How Vets Figure Out What It Is
The first step is almost always a fine needle aspirate (FNA). Your vet inserts a thin needle into the lump, withdraws a small sample of cells, and sends it to a lab for examination under a microscope. It’s quick, minimally painful, and doesn’t require sedation in most cases. Lab fees for cytology typically start around $48 to $70 depending on the lab and number of sites sampled. FNA is excellent at determining whether a mass is cancerous, but it doesn’t always identify the exact type of tumor.
When more detail is needed, a tissue biopsy provides a larger sample and significantly better accuracy for pinpointing the specific diagnosis. In one comparative study, core tissue biopsies matched the final diagnosis 90 percent of the time, compared to 50 percent for FNA when it came to identifying the exact tumor type. Biopsy fees run around $89 and up at reference labs, not counting the procedure itself, which may require sedation. For lumps that are clearly fluid-filled, your vet may aspirate the fluid and examine its character, which can quickly distinguish an abscess or mucocele from a solid mass.
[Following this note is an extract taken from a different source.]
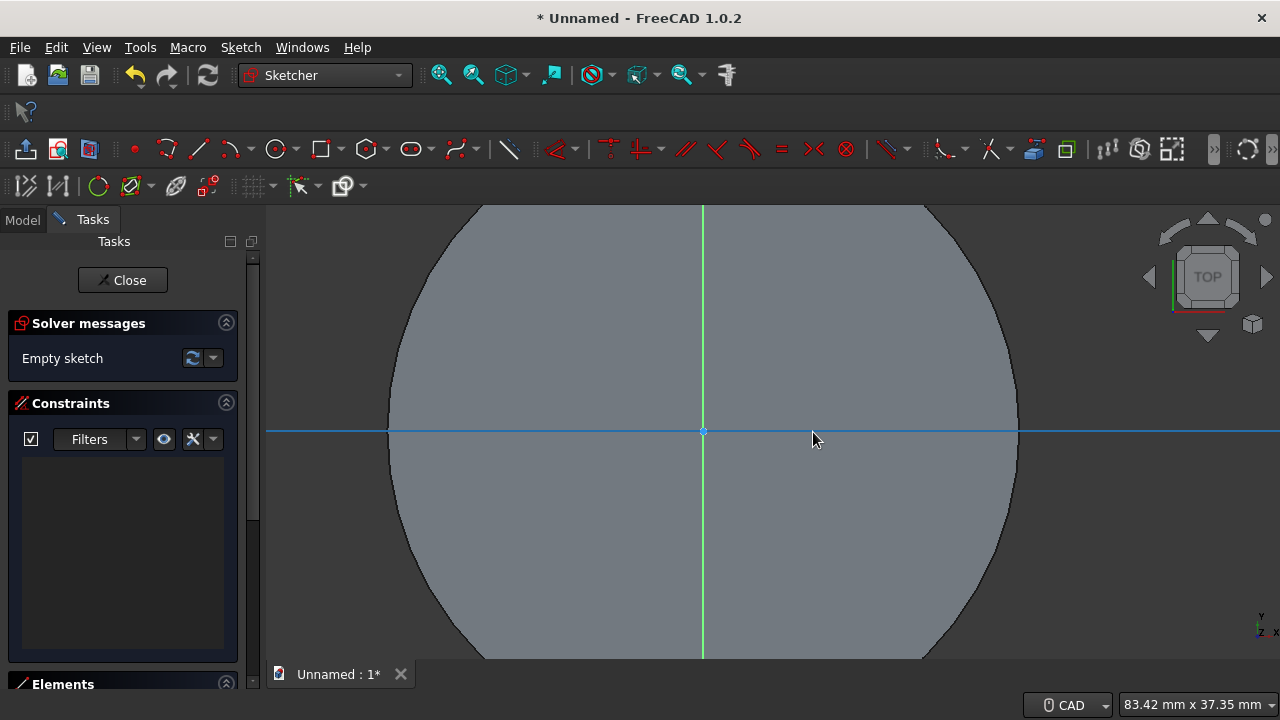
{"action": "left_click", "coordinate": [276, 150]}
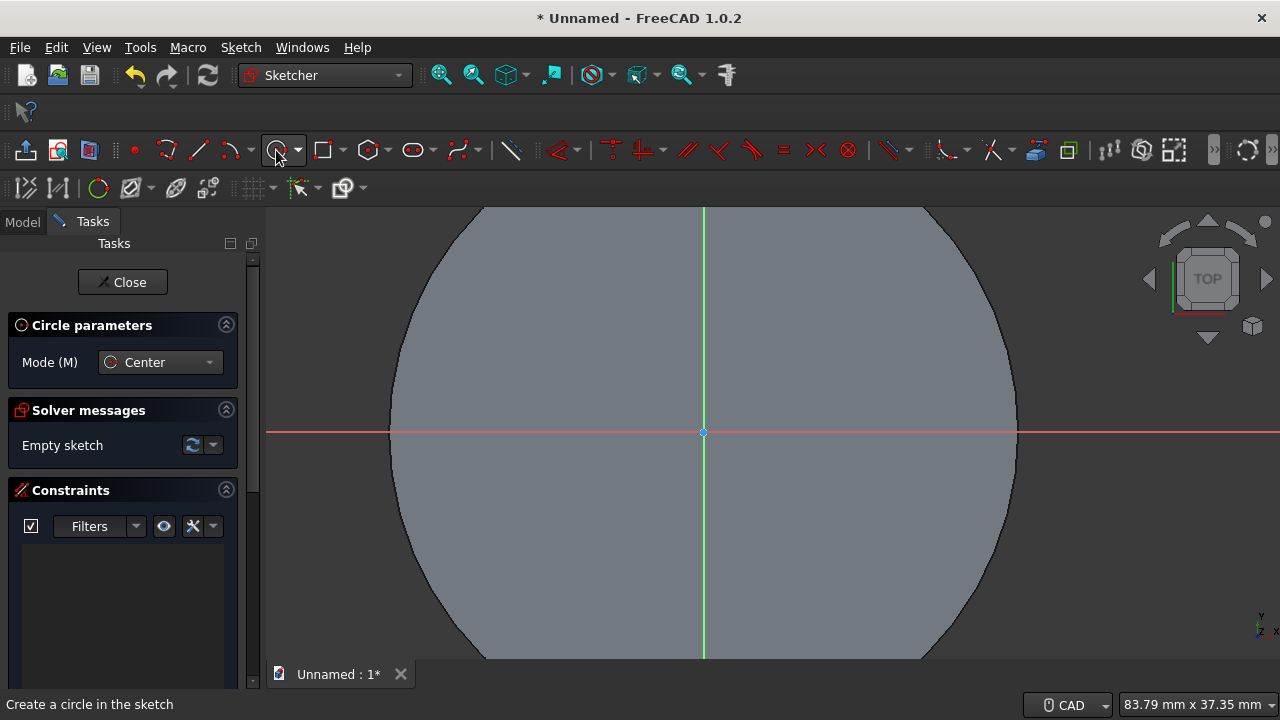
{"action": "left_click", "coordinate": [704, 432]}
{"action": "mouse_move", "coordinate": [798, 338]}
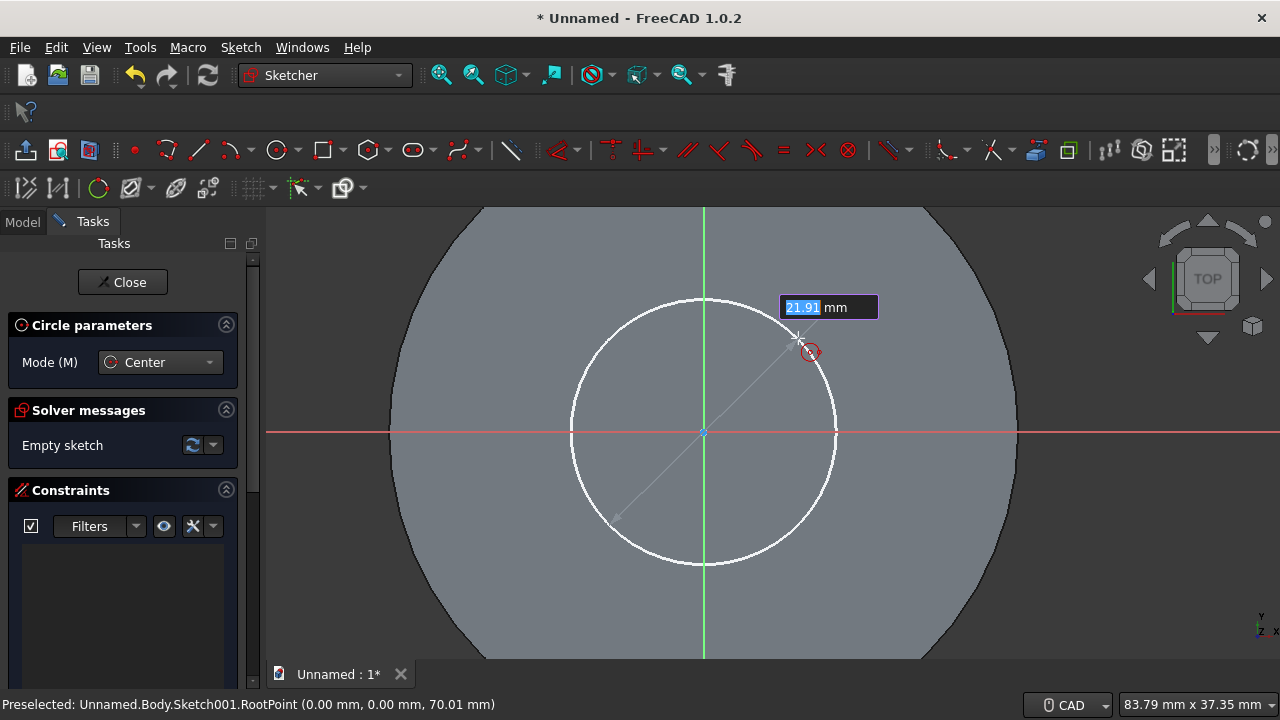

What the Lump Feels Like Can Offer Clues
While no physical characteristic is a substitute for a diagnostic test, certain features help narrow the list:
- Soft, moveable, painless: more consistent with a lipoma or benign growth
- Soft, warm, tender: more typical of an abscess, especially if your dog has a fever
- Soft, fluid-filled, painless, under the jaw: consistent with a salivary mucocele
- Firm, somewhat moveable, painless: more characteristic of a tumor
- Firm, fast-growing, red or ulcerated skin: warrants urgent evaluation for mast cell tumor or other aggressive cancer
Signs That Need Urgent Attention
Most neck lumps can wait a few days for a scheduled vet appointment. Some situations can’t. If your dog is breathing rapidly with an open mouth, making wheezing or whistling sounds, stretching the head and neck forward to get air, or showing a bluish tinge on the gums or muzzle, that’s respiratory distress. A neck mass pressing on the airway or swelling from an abscess that’s expanding quickly can both cause this. Weakness, collapse, or visible abdominal effort while breathing are additional signs that your dog needs emergency care right away.
Difficulty swallowing, refusal to eat, drooling, or sudden dramatic growth of the lump over hours rather than days also warrant a same-day call to your vet. Rapid changes suggest either an aggressive mass or an abscess that’s expanding, both of which benefit from early intervention.